> PROMPT:
Lines in the listing below may contain the string "size". Say how many do, giving only the number.

╭─ TASK MATERIAL

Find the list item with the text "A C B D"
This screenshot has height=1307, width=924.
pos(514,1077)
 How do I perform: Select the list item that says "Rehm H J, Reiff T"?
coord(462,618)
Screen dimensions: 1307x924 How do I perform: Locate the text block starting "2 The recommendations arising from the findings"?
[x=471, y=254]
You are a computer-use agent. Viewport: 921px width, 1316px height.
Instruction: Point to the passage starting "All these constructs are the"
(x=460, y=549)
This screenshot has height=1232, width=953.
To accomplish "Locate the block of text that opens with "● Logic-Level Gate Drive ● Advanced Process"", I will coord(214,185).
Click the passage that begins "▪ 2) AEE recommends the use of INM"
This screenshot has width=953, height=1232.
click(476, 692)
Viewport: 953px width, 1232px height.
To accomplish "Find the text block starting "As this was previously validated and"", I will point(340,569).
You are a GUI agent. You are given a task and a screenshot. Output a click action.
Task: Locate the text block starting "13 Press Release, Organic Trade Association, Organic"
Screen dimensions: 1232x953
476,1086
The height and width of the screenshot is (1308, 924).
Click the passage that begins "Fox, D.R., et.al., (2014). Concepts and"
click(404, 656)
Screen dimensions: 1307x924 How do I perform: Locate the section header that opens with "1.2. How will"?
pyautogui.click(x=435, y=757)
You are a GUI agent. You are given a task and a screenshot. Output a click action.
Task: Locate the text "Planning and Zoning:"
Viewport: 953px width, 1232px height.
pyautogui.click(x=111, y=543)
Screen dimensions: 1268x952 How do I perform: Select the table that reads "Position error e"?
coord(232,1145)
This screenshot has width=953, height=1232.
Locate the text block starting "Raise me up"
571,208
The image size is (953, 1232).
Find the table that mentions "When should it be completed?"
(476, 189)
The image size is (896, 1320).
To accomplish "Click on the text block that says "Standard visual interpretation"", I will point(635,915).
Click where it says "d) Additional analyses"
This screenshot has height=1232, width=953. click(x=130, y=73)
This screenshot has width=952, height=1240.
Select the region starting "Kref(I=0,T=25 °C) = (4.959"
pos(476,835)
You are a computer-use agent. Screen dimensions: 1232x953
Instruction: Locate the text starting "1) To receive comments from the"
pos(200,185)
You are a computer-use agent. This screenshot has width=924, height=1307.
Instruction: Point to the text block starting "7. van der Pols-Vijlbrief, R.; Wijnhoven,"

╰─

> OUTPUT:
2